至于shuffle本身的做法好像以前是学过的, 就是一个swap, shuffle, swap的recursion就行了;
另外这里的好像第二个swap不需要? 因为我们只要一个permutation, 而不是所有的, 所以不需要像backtracking的时候那样, recursive call上行退出的时候还要undo;
另外这个算法其实也可以帮助理解shuffle/permutation的本质: 我们说一个recursion算法, 除去recursive call和base case的部分往往就是算法的主心骨内容, 实质性的操作; 所以permute这个东西本质其实就是swap;
另外读题的时候"equally likely"这个看到的时候也不用太慌, 其实就是常见的random的意思; 编程毕竟不是纯数学, 有些看起来有一千种理解方式的词句, 其实真正在编程问题当中能让你联想到的就那么几个东西;
return empty rather than null
这个题目还有一个教训, 就是avoid return null. 这个之前discussion里面也看到人说过; 这个题目的OJ就正好也对这个做出了判断; 如果真的是Null的情形, 应该自己return一个类似new int[0]这样的Empty而不是Null;
另外我一开始的做法就是object里面保存一个copy, 然后每次被call shuffle的时候, 直接从最开始的原状来一次random的shuffle; 但是这样好像最后得到的结果不对; 说明这里OJ对于equally likely的要求是绝对的, 而不是概率上的. 那么就要想别的办法了; //并不是这样, 你自己算法一开始就写的不对, probabilistically;
最后好不容易调出来bug了(见下面), 最后的速度是257ms (58%), 可以接受;
这个是discussion最优解:
public class Solution {
private int[] nums;
private Random random;
public Solution(int[] nums) {
this.nums = nums;
random = new Random();
}
public int[] reset() {
return nums;
}
public int[] shuffle() {
if(nums == null) return null;
int[] a = nums.clone();
// for(int j = 1; j < a.length; j++) {
// int i = random.nextInt(j + 1);
// swap(a, i, j);
// }
// for (int j = a.length - 1; j > 0; j--) {
// int i = random.nextInt(j + 1);
// swap(a, i, j);
// }
for (int j = 0; j < a.length - 1; j++) {
// int i = j + 1 + random.nextInt(nums.length - j - 1);
int i = j + random.nextInt(nums.length - j);
swap(a, i, j);
}
return a;
}
private void swap(int[] a, int i, int j) {
int t = a[i];
a[i] = a[j];
a[j] = t;
}
}
注意看这里的三个循环:
for(int j = 1; j < a.length; j++) {
int i = random.nextInt(j + 1);
swap(a, i, j);
}
for (int j = a.length - 1; j > 0; j--) {
int i = random.nextInt(j + 1);
swap(a, i, j);
}
for (int j = 0; j < a.length - 1; j++) {
// int i = j + 1 + random.nextInt(nums.length - j - 1);
int i = j + random.nextInt(nums.length - j);
swap(a, i, j);
}
这三个循环其实是达到同样的目的的; 第一个循环是一个正序的做法, 后面两个循环是一个倒序的做法, 其中第三个循环跟我自己的recursion的做法是等价的;
这道题刚开始很长时间一个bug没有调出来(有一个大case过不了); 当时就是因为用了类似loop3里面被comment那一句的逻辑. 具体来说, 比如有index从0到3, 长度为4的一个array, 我一开始错误的做法是, 先是swap(0, (random within 1..3)).

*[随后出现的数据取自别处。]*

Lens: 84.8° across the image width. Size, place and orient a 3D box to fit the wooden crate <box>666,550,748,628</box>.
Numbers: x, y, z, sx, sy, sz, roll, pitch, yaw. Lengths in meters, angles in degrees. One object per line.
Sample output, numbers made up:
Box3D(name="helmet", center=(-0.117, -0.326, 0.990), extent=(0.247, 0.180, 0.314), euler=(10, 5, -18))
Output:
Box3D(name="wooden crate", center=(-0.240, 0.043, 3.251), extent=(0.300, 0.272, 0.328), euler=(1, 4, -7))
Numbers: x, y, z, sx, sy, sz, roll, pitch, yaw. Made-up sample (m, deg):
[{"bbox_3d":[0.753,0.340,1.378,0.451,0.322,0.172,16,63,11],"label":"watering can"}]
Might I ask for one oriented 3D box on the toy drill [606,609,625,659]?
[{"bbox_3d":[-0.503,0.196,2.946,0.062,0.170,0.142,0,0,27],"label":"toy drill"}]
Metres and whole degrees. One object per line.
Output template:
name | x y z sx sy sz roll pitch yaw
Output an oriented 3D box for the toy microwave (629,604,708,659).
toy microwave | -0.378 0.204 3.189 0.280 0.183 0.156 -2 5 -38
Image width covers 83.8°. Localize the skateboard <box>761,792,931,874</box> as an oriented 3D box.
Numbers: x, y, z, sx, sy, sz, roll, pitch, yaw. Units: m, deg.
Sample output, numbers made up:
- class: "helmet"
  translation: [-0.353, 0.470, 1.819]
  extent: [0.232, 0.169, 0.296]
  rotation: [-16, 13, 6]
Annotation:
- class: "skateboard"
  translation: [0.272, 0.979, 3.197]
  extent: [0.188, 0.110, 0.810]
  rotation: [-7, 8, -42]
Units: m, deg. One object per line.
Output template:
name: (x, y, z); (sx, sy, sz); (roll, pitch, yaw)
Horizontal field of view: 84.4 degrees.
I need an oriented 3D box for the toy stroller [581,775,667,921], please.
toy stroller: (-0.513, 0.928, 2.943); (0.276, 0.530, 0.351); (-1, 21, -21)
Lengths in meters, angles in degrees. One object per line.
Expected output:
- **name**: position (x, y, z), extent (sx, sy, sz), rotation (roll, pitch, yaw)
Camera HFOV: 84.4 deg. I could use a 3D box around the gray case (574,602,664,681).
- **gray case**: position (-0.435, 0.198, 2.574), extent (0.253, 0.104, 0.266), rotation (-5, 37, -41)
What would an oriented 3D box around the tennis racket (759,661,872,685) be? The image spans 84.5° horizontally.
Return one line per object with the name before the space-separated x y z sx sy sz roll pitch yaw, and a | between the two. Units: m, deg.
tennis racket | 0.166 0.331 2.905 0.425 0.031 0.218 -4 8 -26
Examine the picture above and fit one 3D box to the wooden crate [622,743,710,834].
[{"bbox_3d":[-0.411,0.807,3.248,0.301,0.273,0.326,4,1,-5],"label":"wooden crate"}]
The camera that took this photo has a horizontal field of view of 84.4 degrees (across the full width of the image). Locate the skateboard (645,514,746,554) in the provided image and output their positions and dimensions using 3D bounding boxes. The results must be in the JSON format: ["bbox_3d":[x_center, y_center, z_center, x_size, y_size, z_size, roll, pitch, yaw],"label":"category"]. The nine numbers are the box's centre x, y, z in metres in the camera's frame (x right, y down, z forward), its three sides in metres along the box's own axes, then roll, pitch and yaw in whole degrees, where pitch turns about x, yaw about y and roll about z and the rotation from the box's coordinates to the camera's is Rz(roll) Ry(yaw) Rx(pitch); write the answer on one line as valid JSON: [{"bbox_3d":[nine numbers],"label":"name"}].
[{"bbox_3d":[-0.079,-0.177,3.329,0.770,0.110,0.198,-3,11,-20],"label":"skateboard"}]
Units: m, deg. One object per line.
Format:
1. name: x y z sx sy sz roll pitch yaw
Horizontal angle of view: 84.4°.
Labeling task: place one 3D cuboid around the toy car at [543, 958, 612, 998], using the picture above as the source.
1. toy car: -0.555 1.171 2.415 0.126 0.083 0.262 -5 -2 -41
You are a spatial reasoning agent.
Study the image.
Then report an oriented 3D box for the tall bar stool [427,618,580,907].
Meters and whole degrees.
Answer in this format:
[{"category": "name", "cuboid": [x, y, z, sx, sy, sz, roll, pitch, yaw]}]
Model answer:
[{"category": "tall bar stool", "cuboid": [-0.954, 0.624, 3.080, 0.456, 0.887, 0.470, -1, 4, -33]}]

首先我们先来思考一下这种倒序shuffle的正确性如何证明, 也就是背后实际上干的是什么? 这个其实之前有道题目的时候已经总结过了, 倒序shuffle其实就等价于assign value (chosen randomly) to index consecutively. 如果是loop3, 那么其实实际上的操作内容就是从0到2(也可以认为到3), 给entry选定value(by swapping). 如果是loop2, 就是从3到0;
那么我之前swap(0, (random within 1..3))的做法的错误之处在于, 这样做了之后, 最开始的[0]的这个value, 就永远不可能出现在[0]的位置! 也就是最后得到的array在[0]的位置, 是1..3(对应的值)当中等概率的一个, 但是这不是我们要的, 我们要的是0..4对应的值当中等概率的任意一个;
另外, 随机赋值这种思路, 解释倒序shuffle确实没有问题, 但是解释正序好像有点说不通? 倒序的时候, 我们的一个invariant是, 在当前iteration被swap的这个index, 在后面的iteration就不会被影响(因为被exclude了, 下一个subproblem就不包含这个index了), 所以可以用一个类似assign的思路去理解; 但是如果是正序的做法, 好像这个invariant就没有了.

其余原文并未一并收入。